# What the task asks:
Only the number should be given: how many lines below contain "significant".

Records from a collection:
============

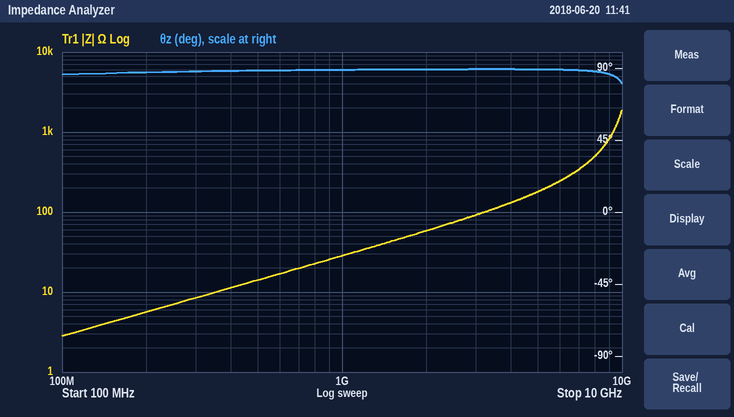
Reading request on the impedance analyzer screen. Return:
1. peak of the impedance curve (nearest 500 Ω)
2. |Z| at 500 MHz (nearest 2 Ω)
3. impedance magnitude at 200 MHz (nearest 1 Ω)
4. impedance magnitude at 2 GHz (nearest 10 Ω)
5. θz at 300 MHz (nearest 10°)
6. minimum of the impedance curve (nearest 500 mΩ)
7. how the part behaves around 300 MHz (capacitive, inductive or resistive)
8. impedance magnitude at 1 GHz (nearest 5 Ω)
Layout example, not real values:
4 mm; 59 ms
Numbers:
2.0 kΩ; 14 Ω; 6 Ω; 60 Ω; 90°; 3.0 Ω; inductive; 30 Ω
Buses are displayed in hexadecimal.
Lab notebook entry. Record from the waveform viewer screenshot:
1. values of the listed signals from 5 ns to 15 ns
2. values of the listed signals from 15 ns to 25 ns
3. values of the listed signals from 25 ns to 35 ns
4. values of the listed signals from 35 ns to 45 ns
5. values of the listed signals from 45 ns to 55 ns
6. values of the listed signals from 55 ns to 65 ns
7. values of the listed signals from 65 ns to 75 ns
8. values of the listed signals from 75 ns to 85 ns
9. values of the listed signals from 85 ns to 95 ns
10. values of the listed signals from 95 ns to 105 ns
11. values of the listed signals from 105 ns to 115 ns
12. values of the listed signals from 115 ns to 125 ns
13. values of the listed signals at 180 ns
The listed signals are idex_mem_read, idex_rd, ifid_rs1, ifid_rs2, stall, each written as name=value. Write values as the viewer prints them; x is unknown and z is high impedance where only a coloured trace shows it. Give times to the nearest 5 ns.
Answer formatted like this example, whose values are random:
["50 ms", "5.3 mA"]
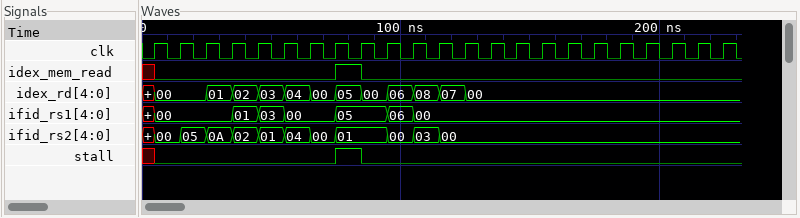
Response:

============

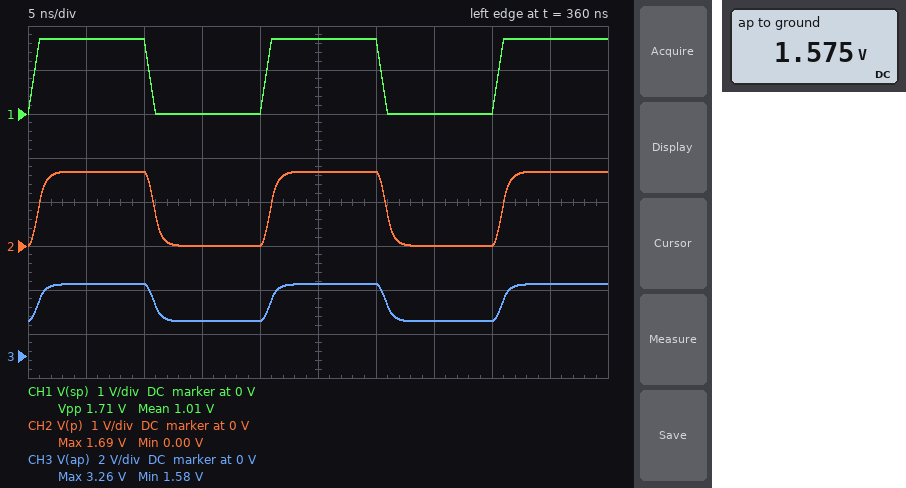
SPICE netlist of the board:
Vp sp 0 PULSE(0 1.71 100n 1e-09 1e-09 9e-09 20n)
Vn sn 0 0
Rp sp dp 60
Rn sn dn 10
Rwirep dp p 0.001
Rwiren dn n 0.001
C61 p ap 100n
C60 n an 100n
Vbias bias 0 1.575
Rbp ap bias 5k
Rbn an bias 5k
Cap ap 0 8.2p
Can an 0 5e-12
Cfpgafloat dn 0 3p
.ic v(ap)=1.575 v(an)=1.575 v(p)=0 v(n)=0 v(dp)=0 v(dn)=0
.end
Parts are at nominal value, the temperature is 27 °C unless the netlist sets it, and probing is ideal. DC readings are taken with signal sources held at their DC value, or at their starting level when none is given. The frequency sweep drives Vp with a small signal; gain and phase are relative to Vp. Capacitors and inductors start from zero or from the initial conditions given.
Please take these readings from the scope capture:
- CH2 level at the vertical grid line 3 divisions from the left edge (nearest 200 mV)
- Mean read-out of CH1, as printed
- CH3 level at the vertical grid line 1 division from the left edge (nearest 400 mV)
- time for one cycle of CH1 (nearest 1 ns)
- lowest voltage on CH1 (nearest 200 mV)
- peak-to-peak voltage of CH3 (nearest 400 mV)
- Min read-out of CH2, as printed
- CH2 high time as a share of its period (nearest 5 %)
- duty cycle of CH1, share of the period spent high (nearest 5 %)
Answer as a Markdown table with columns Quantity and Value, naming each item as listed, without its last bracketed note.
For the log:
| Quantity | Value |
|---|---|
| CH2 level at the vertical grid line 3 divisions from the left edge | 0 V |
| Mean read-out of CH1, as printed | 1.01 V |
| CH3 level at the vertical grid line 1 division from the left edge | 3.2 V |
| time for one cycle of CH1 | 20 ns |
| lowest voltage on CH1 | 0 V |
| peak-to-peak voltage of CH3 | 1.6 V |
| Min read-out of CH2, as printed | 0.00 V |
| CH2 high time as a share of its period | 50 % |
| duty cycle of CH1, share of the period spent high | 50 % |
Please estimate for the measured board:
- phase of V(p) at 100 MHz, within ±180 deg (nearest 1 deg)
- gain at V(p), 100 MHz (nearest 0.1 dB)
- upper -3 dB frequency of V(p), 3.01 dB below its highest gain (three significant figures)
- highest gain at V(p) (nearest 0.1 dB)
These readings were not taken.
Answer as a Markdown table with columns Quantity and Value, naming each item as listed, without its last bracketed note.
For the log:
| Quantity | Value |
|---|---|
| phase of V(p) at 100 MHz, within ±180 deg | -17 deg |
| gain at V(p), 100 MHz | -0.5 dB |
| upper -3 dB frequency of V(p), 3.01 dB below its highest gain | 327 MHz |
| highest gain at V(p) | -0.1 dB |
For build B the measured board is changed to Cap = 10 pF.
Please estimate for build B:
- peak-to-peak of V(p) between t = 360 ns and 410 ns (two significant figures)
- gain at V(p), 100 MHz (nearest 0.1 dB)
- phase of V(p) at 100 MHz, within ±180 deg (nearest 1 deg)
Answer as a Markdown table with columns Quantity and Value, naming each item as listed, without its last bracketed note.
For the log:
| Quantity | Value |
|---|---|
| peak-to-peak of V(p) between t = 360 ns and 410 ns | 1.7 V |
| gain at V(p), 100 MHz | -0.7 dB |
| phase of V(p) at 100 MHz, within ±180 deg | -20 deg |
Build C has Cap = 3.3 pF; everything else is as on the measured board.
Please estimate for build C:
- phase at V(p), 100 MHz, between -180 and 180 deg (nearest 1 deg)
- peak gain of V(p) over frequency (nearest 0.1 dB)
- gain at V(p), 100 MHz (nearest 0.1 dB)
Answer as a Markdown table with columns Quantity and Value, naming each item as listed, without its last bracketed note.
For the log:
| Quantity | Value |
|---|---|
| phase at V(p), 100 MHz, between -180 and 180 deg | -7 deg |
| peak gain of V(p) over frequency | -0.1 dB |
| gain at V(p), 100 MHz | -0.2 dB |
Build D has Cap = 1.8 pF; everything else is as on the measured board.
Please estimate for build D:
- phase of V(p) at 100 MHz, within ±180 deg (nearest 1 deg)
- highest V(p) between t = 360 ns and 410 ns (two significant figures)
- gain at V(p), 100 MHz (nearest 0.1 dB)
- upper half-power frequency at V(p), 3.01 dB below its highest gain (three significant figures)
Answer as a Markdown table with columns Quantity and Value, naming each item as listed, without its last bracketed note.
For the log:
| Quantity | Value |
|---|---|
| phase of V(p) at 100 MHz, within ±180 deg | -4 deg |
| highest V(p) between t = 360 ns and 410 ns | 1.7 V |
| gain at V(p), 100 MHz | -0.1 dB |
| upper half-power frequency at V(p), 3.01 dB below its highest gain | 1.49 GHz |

============

# Response to the exercise:
4